A Domain-General Role for the Angular Gyrus in Retrieving Internal Representations of the External World

Siddharth Ramanan 1,2,3,, Buddhika Bellana 4,
PMCID: PMC6468096  PMID: 30996013

Introduction

Autobiographical memories for personal past experiences vary along multiple interrelated dimensions, such as sensory-perceptual, spatiotemporal, and emotional information (Rubin, 2005). The complex, highly relational nature of information within autobiographical memory allows us not only to relive personal past experiences, but further confers a sense of subjective time, and shapes a sense of self. Understanding how the human brain stores and accesses the rich content of our autobiographical memories has, therefore, been a longstanding goal of memory research.

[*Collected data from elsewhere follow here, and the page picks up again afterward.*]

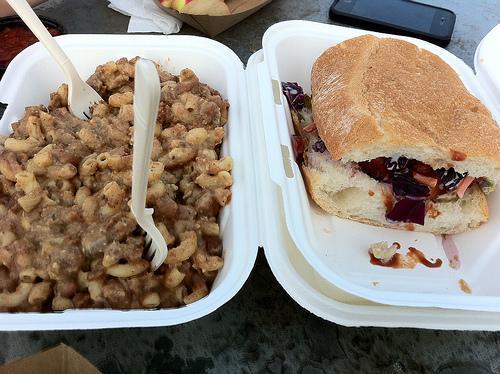How many forks are there?
Give a very brief answer. 2. 
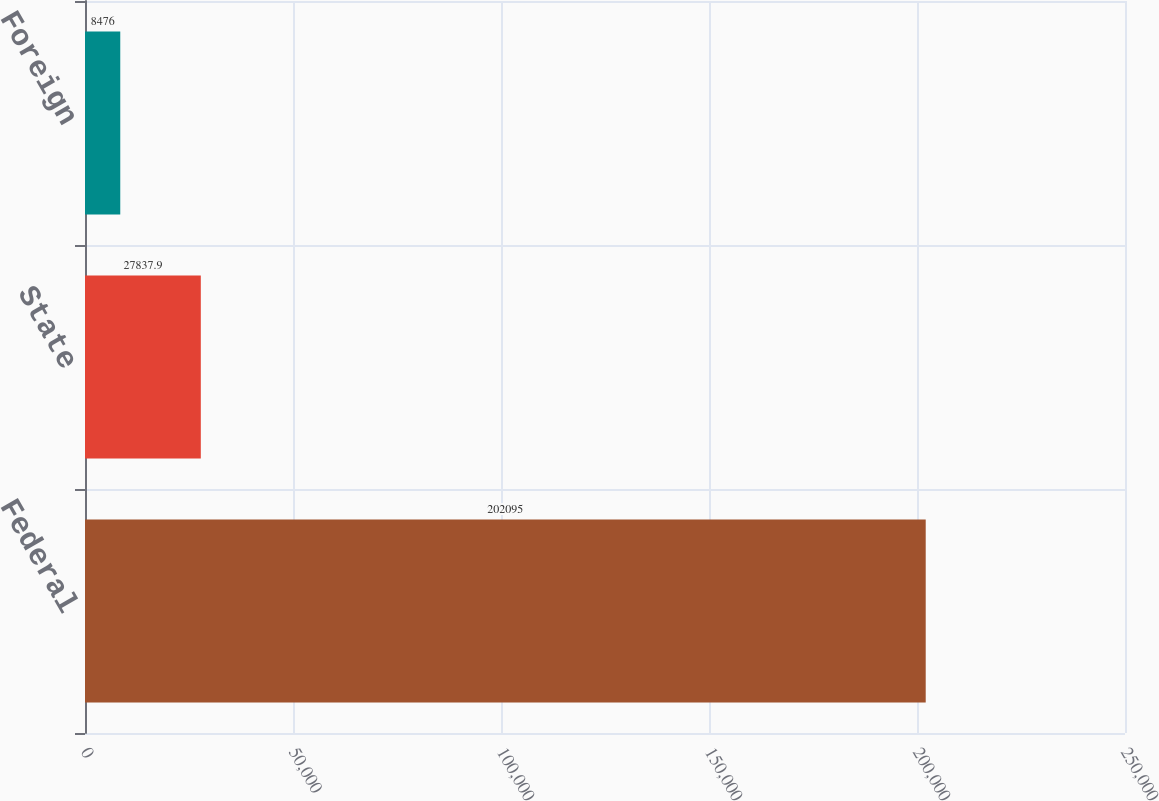Convert chart. <chart><loc_0><loc_0><loc_500><loc_500><bar_chart><fcel>Federal<fcel>State<fcel>Foreign<nl><fcel>202095<fcel>27837.9<fcel>8476<nl></chart> 
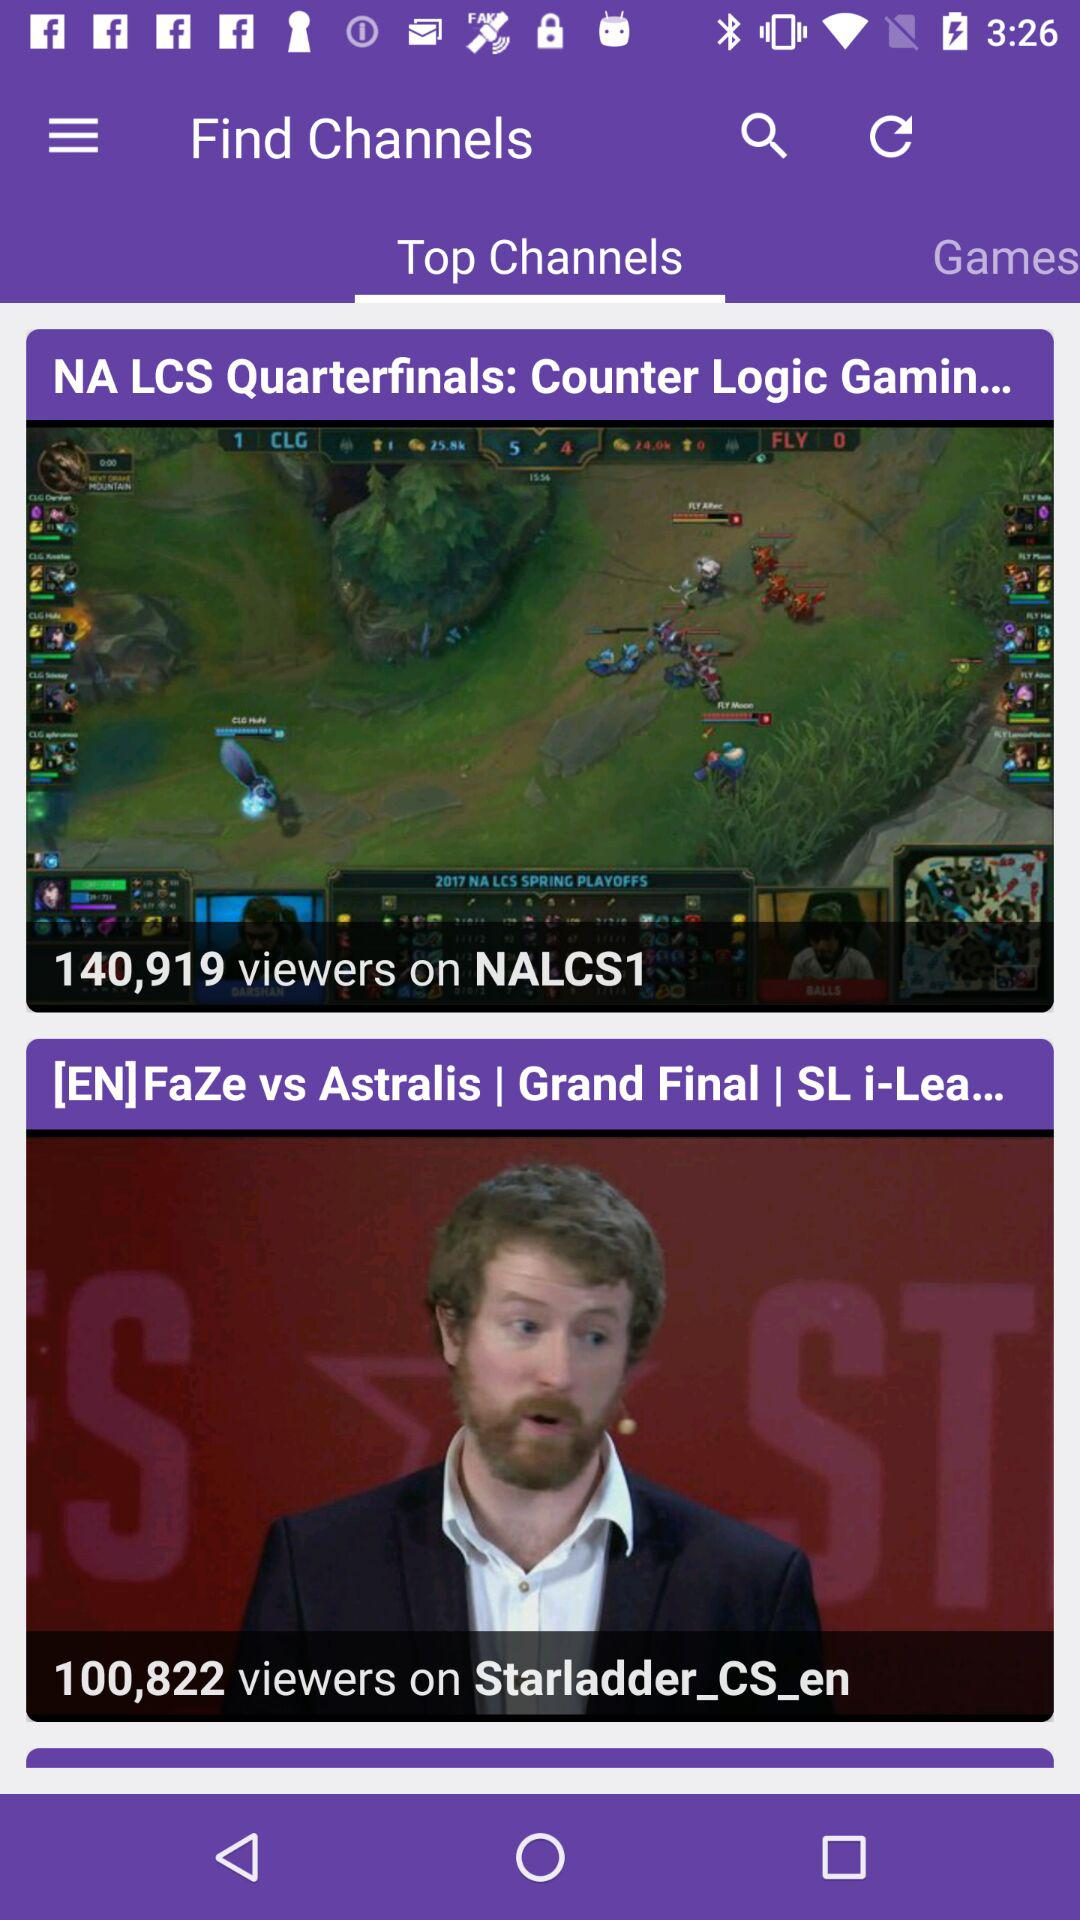How many viewers are there for the "NA LCS Quarterfinals"? There are 140,919 viewers.

The retrieval of autobiographical memories involves activity distributed among multiple regions of a “core memory network,” including prefrontal, medial temporal, and medial and lateral parietal cortices (Svoboda et al., 2006). Recently, there has been increasing interest in the contributions of the lateral parietal cortex, specifically the left angular gyrus (AG), to autobiographical and episodic memory retrieval. This interest has been stimulated by findings reliably demonstrating activity in the left AG during memory retrieval in studies using fMRI or electroencephalography (Wagner et al., 2005). Specifically, retrieval-related activity in the left AG scales parametrically with the strength and recollection of fine-grained details from memory (for review, see Rugg and King, 2018) to the extent that stimulus category can be successfully decoded from recall-related activity in the left AG (Kuhl and Chun, 2014). Overall, these findings suggest an important role for this region in memory.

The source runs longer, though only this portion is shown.